**Work required:** A word-for-word repeat of all the data is the goal.

━━ Input data

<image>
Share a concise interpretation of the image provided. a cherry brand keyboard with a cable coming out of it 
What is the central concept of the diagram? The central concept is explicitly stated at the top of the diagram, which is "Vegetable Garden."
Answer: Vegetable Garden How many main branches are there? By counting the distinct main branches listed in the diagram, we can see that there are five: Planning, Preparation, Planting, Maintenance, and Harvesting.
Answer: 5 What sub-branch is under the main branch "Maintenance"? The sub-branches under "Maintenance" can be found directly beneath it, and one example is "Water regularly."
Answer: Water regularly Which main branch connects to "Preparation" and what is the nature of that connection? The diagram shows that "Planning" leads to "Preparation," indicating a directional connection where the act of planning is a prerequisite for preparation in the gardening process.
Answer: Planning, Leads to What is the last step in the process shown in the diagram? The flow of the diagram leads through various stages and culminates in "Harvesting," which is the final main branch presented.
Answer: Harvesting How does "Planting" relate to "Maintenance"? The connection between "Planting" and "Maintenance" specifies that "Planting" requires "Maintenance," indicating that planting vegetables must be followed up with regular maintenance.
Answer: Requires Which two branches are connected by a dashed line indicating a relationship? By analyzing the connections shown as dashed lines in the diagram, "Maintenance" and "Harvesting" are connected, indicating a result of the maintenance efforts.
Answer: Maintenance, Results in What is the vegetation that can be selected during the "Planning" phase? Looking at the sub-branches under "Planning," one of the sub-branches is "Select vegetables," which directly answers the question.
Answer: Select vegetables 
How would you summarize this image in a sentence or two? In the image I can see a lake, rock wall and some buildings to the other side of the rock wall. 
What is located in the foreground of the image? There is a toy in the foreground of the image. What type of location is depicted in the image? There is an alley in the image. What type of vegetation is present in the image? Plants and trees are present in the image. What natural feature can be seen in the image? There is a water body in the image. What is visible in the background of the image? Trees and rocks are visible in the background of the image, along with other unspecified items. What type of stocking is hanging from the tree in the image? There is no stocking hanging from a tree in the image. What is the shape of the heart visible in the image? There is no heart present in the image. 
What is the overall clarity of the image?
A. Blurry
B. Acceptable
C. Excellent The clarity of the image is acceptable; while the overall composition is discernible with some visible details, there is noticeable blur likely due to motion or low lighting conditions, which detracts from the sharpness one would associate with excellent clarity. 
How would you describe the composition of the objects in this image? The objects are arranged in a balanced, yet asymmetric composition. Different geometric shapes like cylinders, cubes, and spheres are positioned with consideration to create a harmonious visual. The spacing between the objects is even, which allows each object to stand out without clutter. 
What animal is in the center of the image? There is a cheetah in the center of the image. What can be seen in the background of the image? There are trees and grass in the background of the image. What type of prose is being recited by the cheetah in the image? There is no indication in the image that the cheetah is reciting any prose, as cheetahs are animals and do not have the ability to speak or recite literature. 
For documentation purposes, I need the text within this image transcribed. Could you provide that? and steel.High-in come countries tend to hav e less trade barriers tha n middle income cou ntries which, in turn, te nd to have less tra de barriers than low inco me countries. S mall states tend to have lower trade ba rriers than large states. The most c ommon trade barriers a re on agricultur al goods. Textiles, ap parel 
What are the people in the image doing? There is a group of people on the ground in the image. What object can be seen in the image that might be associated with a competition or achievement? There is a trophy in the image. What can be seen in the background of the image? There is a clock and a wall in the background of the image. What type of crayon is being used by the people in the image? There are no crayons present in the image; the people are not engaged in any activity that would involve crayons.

━━━━

**Answer:**
<image>
Share a concise interpretation of the image provided. a cherry brand keyboard with a cable coming out of it 
What is the central concept of the diagram? The central concept is explicitly stated at the top of the diagram, which is "Vegetable Garden."
Answer: Vegetable Garden How many main branches are there? By counting the distinct main branches listed in the diagram, we can see that there are five: Planning, Preparation, Planting, Maintenance, and Harvesting.
Answer: 5 What sub-branch is under the main branch "Maintenance"? The sub-branches under "Maintenance" can be found directly beneath it, and one example is "Water regularly."
Answer: Water regularly Which main branch connects to "Preparation" and what is the nature of that connection? The diagram shows that "Planning" leads to "Preparation," indicating a directional connection where the act of planning is a prerequisite for preparation in the gardening process.
Answer: Planning, Leads to What is the last step in the process shown in the diagram? The flow of the diagram leads through various stages and culminates in "Harvesting," which is the final main branch presented.
Answer: Harvesting How does "Planting" relate to "Maintenance"? The connection between "Planting" and "Maintenance" specifies that "Planting" requires "Maintenance," indicating that planting vegetables must be followed up with regular maintenance.
Answer: Requires Which two branches are connected by a dashed line indicating a relationship? By analyzing the connections shown as dashed lines in the diagram, "Maintenance" and "Harvesting" are connected, indicating a result of the maintenance efforts.
Answer: Maintenance, Results in What is the vegetation that can be selected during the "Planning" phase? Looking at the sub-branches under "Planning," one of the sub-branches is "Select vegetables," which directly answers the question.
Answer: Select vegetables 
How would you summarize this image in a sentence or two? In the image I can see a lake, rock wall and some buildings to the other side of the rock wall. 
What is located in the foreground of the image? There is a toy in the foreground of the image. What type of location is depicted in the image? There is an alley in the image. What type of vegetation is present in the image? Plants and trees are present in the image. What natural feature can be seen in the image? There is a water body in the image. What is visible in the background of the image? Trees and rocks are visible in the background of the image, along with other unspecified items. What type of stocking is hanging from the tree in the image? There is no stocking hanging from a tree in the image. What is the shape of the heart visible in the image? There is no heart present in the image. 
What is the overall clarity of the image?
A. Blurry
B. Acceptable
C. Excellent The clarity of the image is acceptable; while the overall composition is discernible with some visible details, there is noticeable blur likely due to motion or low lighting conditions, which detracts from the sharpness one would associate with excellent clarity. 
How would you describe the composition of the objects in this image? The objects are arranged in a balanced, yet asymmetric composition. Different geometric shapes like cylinders, cubes, and spheres are positioned with consideration to create a harmonious visual. The spacing between the objects is even, which allows each object to stand out without clutter. 
What animal is in the center of the image? There is a cheetah in the center of the image. What can be seen in the background of the image? There are trees and grass in the background of the image. What type of prose is being recited by the cheetah in the image? There is no indication in the image that the cheetah is reciting any prose, as cheetahs are animals and do not have the ability to speak or recite literature. 
For documentation purposes, I need the text within this image transcribed. Could you provide that? and steel.High-in come countries tend to hav e less trade barriers tha n middle income cou ntries which, in turn, te nd to have less tra de barriers than low inco me countries. S mall states tend to have lower trade ba rriers than large states. The most c ommon trade barriers a re on agricultur al goods. Textiles, ap parel 
What are the people in the image doing? There is a group of people on the ground in the image. What object can be seen in the image that might be associated with a competition or achievement? There is a trophy in the image. What can be seen in the background of the image? There is a clock and a wall in the background of the image. What type of crayon is being used by the people in the image? There are no crayons present in the image; the people are not engaged in any activity that would involve crayons.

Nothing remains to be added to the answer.